その結果、虫歯や歯肉炎が起こりやすくなり、さらに口臭の原因にもなります。
口腔機能への影響
アデノイド肥大による鼻づまり・口呼吸は、単に「歯並びの乱れ」だけでなく、口腔機能全体にも影響します。
舌・唇・頬の筋バランスが崩れる
•舌が下がることで舌圧が低下し、発音が不明瞭になる
•唇を閉じる筋肉(口輪筋)が弱くなる
•食べこぼしや「クチャクチャ食べ」などの咀嚼異常
嚥下(えんげ:飲み込み)の異常
舌を正しく使えないことで、飲み込みの際に前歯を押し出すような異常嚥下癖が定着します。
これも歯列不正の原因になります。
ご家庭で気づけるサイン
保護者の方が早期に気づくことが、口腔機能の健全な発達にとって非常に重要です。
チェックしてみましょう
•口をぽかんと開けている
•寝ているときにいびきをかく
•鼻声・発音がこもる
•食事中に口を閉じられない
•顔が長く見える、口元が出てきた
これらの症状が見られる場合、耳鼻科と歯科の連携が必要です。
歯科でできるサポート
伊皿子おおね歯科医院では、アデノイド肥大や鼻づまりによる口呼吸の影響を考慮し、口腔機能発達支援を行っています。
当院の取り組み
•スマイルキッズプログラム
定期検診のたびに、呼吸・姿勢・歯列・舌の位置を総合的にチェック。
•MFT(口腔筋機能療法)
舌や唇の筋力を鍛えるトレーニングを通じて、口呼吸から鼻呼吸への移行をサポート。
•矯正専門の女医による治療
歯列や顎の発育を専門的に評価し、必要に応じて早期矯正や拡大装置などで骨格の成長をサポート。

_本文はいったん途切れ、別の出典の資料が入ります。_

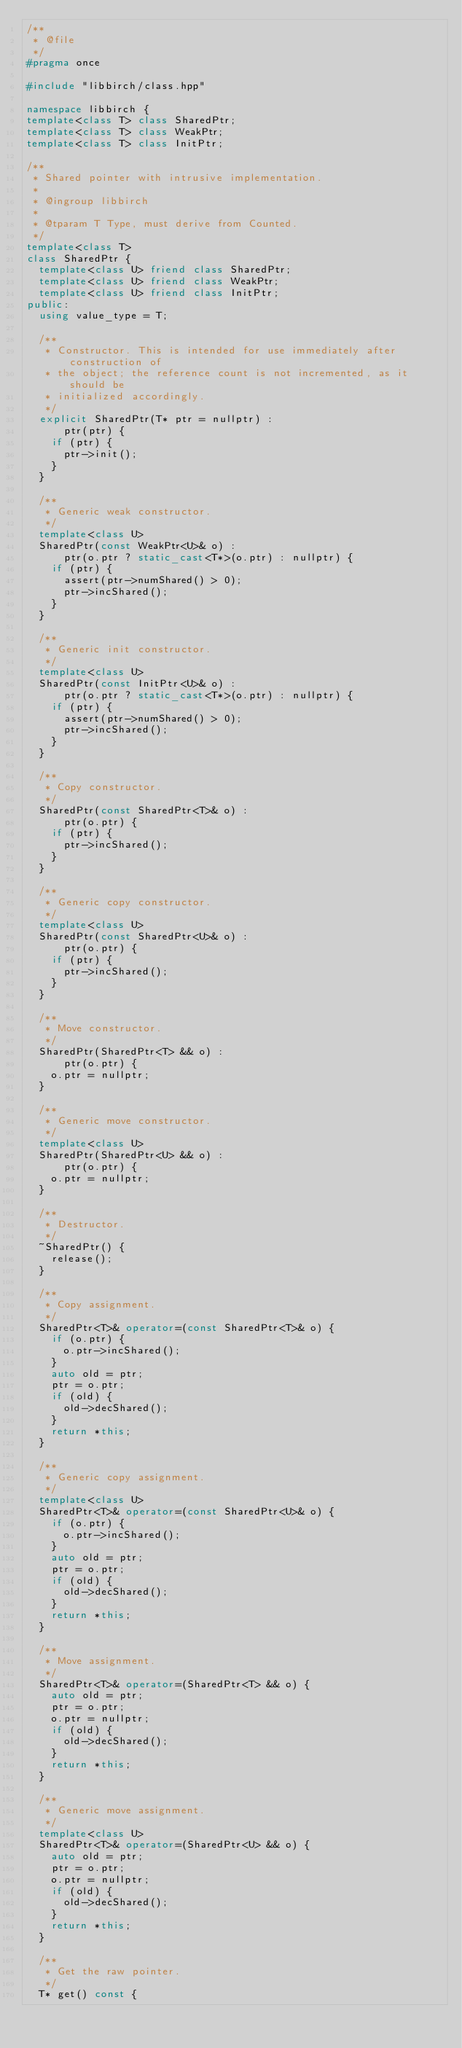Convert code to text. <code><loc_0><loc_0><loc_500><loc_500><_C++_>/**
 * @file
 */
#pragma once

#include "libbirch/class.hpp"

namespace libbirch {
template<class T> class SharedPtr;
template<class T> class WeakPtr;
template<class T> class InitPtr;

/**
 * Shared pointer with intrusive implementation.
 *
 * @ingroup libbirch
 *
 * @tparam T Type, must derive from Counted.
 */
template<class T>
class SharedPtr {
  template<class U> friend class SharedPtr;
  template<class U> friend class WeakPtr;
  template<class U> friend class InitPtr;
public:
  using value_type = T;

  /**
   * Constructor. This is intended for use immediately after construction of
   * the object; the reference count is not incremented, as it should be
   * initialized accordingly.
   */
  explicit SharedPtr(T* ptr = nullptr) :
      ptr(ptr) {
    if (ptr) {
      ptr->init();
    }
  }

  /**
   * Generic weak constructor.
   */
  template<class U>
  SharedPtr(const WeakPtr<U>& o) :
      ptr(o.ptr ? static_cast<T*>(o.ptr) : nullptr) {
    if (ptr) {
      assert(ptr->numShared() > 0);
      ptr->incShared();
    }
  }

  /**
   * Generic init constructor.
   */
  template<class U>
  SharedPtr(const InitPtr<U>& o) :
      ptr(o.ptr ? static_cast<T*>(o.ptr) : nullptr) {
    if (ptr) {
      assert(ptr->numShared() > 0);
      ptr->incShared();
    }
  }

  /**
   * Copy constructor.
   */
  SharedPtr(const SharedPtr<T>& o) :
      ptr(o.ptr) {
    if (ptr) {
      ptr->incShared();
    }
  }

  /**
   * Generic copy constructor.
   */
  template<class U>
  SharedPtr(const SharedPtr<U>& o) :
      ptr(o.ptr) {
    if (ptr) {
      ptr->incShared();
    }
  }

  /**
   * Move constructor.
   */
  SharedPtr(SharedPtr<T> && o) :
      ptr(o.ptr) {
    o.ptr = nullptr;
  }

  /**
   * Generic move constructor.
   */
  template<class U>
  SharedPtr(SharedPtr<U> && o) :
      ptr(o.ptr) {
    o.ptr = nullptr;
  }

  /**
   * Destructor.
   */
  ~SharedPtr() {
    release();
  }

  /**
   * Copy assignment.
   */
  SharedPtr<T>& operator=(const SharedPtr<T>& o) {
    if (o.ptr) {
      o.ptr->incShared();
    }
    auto old = ptr;
    ptr = o.ptr;
    if (old) {
      old->decShared();
    }
    return *this;
  }

  /**
   * Generic copy assignment.
   */
  template<class U>
  SharedPtr<T>& operator=(const SharedPtr<U>& o) {
    if (o.ptr) {
      o.ptr->incShared();
    }
    auto old = ptr;
    ptr = o.ptr;
    if (old) {
      old->decShared();
    }
    return *this;
  }

  /**
   * Move assignment.
   */
  SharedPtr<T>& operator=(SharedPtr<T> && o) {
    auto old = ptr;
    ptr = o.ptr;
    o.ptr = nullptr;
    if (old) {
      old->decShared();
    }
    return *this;
  }

  /**
   * Generic move assignment.
   */
  template<class U>
  SharedPtr<T>& operator=(SharedPtr<U> && o) {
    auto old = ptr;
    ptr = o.ptr;
    o.ptr = nullptr;
    if (old) {
      old->decShared();
    }
    return *this;
  }

  /**
   * Get the raw pointer.
   */
  T* get() const {</code>

鼻づまりそのものの治療は耳鼻科領域ですが、歯科では「口呼吸によって崩れた機能の回復」を担います。
よくある質問(Q&A)
Q1. アデノイド肥大は自然に治りますか?
成長とともに小さくなるケースもありますが、長期間の鼻づまりや口呼吸が続く場合は医師の診察が必要です。
Q2. 鼻呼吸に戻すにはどうすればいいですか?
耳鼻科での鼻づまり治療と並行して、歯科でMFTや呼吸トレーニングを行うことが効果的です。
Q3. 歯列矯正で鼻呼吸も改善しますか?
骨格的な制限が緩和されることで鼻腔が広がり、結果的に呼吸しやすくなる場合もあります。
ただし、原因がアデノイドにある場合は耳鼻科での治療が優先です。
まとめ
鼻づまりやアデノイド肥大は、単なる「呼吸の問題」ではなく、歯並び・顎の成長・口腔機能の発達に密接に関わっています。
放置すると、出っ歯や開咬、口呼吸の固定化など、さまざまな形で将来的な影響を残すことがあります。
早期に気づき、耳鼻科と歯科の両面からアプローチすることで、
子どもの健やかな呼吸と美しい歯並びを守ることができます。
お子さまが「いつも口を開けている」「鼻づまりが続いている」ようであれば、
ぜひ一度、歯科医院でお口と呼吸の状態をチェックしてみてください。